Applying the rule to the case at bar, if the taxpayers acquired and were holding the frontage properties with the purpose in mind of developing them for investment or to sell them for profit, depending on which would be most advantageous, and that by reason of the rezoning and financing problems it was more profitable to sell the properties, then it appears the profits from the sale should not be treated as capital gain under the rule stated by the Court of Appeals, 9th Circuit, in the R. Corp. case. This court notes the observation of the Court of Appeals in Philber Equipment Corp., supra, at page 131 of its opinion, which it says, referring to the R Corp. case, that it was one of the numerous war time housing operation cases,

"* * * where individuals normally in the business of selling houses were required to turn to rental activities due to war time restrictions.
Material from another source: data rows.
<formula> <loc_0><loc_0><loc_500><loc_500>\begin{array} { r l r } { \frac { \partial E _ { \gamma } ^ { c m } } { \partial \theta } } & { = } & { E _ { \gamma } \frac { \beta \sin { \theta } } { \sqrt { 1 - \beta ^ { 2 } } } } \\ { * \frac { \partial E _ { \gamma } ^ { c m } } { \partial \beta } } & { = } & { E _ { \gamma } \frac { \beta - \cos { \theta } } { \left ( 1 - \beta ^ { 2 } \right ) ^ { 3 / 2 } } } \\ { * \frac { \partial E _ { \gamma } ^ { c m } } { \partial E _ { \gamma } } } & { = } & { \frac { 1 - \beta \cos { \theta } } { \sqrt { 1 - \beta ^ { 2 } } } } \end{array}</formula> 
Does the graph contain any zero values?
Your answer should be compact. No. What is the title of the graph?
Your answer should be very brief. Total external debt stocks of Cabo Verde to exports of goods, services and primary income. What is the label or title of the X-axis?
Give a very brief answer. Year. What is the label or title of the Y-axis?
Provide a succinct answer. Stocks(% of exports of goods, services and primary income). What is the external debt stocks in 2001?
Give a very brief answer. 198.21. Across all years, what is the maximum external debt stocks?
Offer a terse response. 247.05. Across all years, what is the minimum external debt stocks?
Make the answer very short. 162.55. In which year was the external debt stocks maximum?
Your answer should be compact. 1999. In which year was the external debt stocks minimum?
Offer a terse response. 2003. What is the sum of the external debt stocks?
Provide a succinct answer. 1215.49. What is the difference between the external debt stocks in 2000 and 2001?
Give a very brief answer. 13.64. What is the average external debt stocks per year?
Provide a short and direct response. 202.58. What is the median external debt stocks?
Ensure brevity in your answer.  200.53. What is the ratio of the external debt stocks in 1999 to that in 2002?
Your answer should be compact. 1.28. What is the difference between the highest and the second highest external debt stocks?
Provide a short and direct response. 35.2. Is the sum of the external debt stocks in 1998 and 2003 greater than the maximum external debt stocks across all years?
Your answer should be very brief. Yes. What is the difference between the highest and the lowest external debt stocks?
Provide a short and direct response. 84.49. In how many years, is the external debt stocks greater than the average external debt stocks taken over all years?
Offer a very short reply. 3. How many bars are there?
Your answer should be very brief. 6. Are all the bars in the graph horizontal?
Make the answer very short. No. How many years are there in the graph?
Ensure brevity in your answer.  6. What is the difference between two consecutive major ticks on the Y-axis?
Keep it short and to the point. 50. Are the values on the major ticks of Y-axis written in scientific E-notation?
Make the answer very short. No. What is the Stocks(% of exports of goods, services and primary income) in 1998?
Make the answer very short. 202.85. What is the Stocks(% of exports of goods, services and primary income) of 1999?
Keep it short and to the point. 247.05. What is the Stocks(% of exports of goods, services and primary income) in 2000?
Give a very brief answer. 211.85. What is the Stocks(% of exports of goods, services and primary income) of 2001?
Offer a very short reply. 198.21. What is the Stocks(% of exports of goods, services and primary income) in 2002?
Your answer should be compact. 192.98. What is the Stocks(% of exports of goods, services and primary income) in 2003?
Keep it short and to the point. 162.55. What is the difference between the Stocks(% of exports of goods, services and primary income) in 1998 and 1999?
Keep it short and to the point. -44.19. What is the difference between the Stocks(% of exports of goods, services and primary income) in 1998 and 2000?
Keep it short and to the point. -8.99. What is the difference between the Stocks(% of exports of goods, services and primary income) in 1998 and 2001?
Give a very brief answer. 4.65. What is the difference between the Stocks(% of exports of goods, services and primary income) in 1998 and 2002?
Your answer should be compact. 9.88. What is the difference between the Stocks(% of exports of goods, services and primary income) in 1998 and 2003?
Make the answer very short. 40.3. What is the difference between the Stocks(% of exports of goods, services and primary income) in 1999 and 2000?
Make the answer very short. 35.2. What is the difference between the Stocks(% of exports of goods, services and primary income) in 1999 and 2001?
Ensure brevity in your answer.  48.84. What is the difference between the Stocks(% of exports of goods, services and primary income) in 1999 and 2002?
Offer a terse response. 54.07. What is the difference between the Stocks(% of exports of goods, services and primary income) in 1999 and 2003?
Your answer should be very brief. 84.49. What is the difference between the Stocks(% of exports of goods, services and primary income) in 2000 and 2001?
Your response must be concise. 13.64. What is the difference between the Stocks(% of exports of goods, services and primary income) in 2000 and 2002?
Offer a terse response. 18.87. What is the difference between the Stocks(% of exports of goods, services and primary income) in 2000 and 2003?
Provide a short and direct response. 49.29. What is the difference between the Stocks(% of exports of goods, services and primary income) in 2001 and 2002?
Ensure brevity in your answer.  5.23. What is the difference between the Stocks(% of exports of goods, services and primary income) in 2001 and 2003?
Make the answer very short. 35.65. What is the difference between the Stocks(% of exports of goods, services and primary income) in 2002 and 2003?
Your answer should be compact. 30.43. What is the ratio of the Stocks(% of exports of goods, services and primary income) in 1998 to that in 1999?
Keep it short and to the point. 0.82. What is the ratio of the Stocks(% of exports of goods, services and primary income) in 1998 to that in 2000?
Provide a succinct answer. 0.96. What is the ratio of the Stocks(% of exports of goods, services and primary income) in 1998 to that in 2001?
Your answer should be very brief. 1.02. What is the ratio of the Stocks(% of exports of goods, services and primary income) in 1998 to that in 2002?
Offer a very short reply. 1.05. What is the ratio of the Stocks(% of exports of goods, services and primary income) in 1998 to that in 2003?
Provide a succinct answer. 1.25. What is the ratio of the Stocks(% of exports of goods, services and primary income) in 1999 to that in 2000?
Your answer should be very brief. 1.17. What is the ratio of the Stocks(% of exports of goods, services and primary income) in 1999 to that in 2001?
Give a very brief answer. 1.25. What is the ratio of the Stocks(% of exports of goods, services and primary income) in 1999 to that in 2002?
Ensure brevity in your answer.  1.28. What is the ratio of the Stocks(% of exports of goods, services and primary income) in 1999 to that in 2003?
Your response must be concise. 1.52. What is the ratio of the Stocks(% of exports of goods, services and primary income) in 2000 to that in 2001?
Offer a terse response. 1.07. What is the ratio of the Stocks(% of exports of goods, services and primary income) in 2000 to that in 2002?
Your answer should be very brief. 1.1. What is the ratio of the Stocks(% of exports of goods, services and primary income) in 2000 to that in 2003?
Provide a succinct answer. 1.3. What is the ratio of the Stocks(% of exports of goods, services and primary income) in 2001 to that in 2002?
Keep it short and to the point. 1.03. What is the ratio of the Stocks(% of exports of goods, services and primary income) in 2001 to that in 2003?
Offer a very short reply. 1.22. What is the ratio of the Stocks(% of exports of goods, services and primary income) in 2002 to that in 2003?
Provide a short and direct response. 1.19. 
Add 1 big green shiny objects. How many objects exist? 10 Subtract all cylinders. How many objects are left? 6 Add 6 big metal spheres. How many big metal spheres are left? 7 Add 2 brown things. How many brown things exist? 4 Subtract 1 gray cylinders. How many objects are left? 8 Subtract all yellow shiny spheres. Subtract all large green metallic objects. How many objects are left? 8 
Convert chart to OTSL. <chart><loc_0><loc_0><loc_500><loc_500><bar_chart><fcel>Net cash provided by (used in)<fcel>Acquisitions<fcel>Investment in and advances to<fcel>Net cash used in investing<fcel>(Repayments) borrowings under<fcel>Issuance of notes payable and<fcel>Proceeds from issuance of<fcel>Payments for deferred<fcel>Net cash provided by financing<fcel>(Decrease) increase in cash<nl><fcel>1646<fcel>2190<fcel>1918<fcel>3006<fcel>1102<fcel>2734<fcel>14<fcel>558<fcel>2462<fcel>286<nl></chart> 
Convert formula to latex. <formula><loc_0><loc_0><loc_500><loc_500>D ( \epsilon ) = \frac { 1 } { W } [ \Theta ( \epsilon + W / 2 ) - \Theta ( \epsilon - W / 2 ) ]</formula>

Anticipation of selling activities with respect to the rental housing is an important consideration in many of these cases, so that the dual purpose of rental and sale is quite an inseparable factor in determining for what purpose the property is 'primarily' held."

[Intent]

This comment should be considered in interpreting the effect of the R Corp. case on the case at bar but it does not appear that the rule in the R Corp. case with respect to the intent to follow the avenue of greatest profit is not binding on this court.

By reason of

1. The narrow construction rule to be applied in interpreting the statute involved,

2. The declared intent of plaintiffs as to the purpose of acquiring and holding the property, that is, if rezoning and financing could not be satisfactorily accomplished, "we would sell the whole thing off in bulk," and

3. The rule as announced by the Court of Appeals, 9th Circuit, in the R Corp. case, supra, quoted hereinabove,

the court concludes that plaintiffs have failed to establish by a preponderance of the evidence that the profits here involved were held primarily for investment and not for sale in the ordinary course of trade or business. The rift between the partners may have expedited the sale but it appears that the failure to obtain rezoning and satisfactory financing was the primary cause of the sale which was the step intended by the parties to be taken at the time the property was acquired and while it was held, if the rezoning and financing failed. In other words, the property was purchased and held for development or sale depending on which course appeared to be most profitable, having in mind the need for rezoning and the availability of proper financing on reasonable terms.


[Conclusions of Court]

For the foregoing reasons and circumstances, the court concludes that the plaintiffs are entitled to take nothing by their complaint and the defendant is entitled to Judgment for costs.

Counsel for defendant is requested to prepare, serve and lodge proposed Findings of Fact, Conclusions of Law, and Judgment, in accordance with Local Rule 7, as amended. The Judgment shall be a separate document.

This Memorandum Opinion is not to be deemed a final Judgment.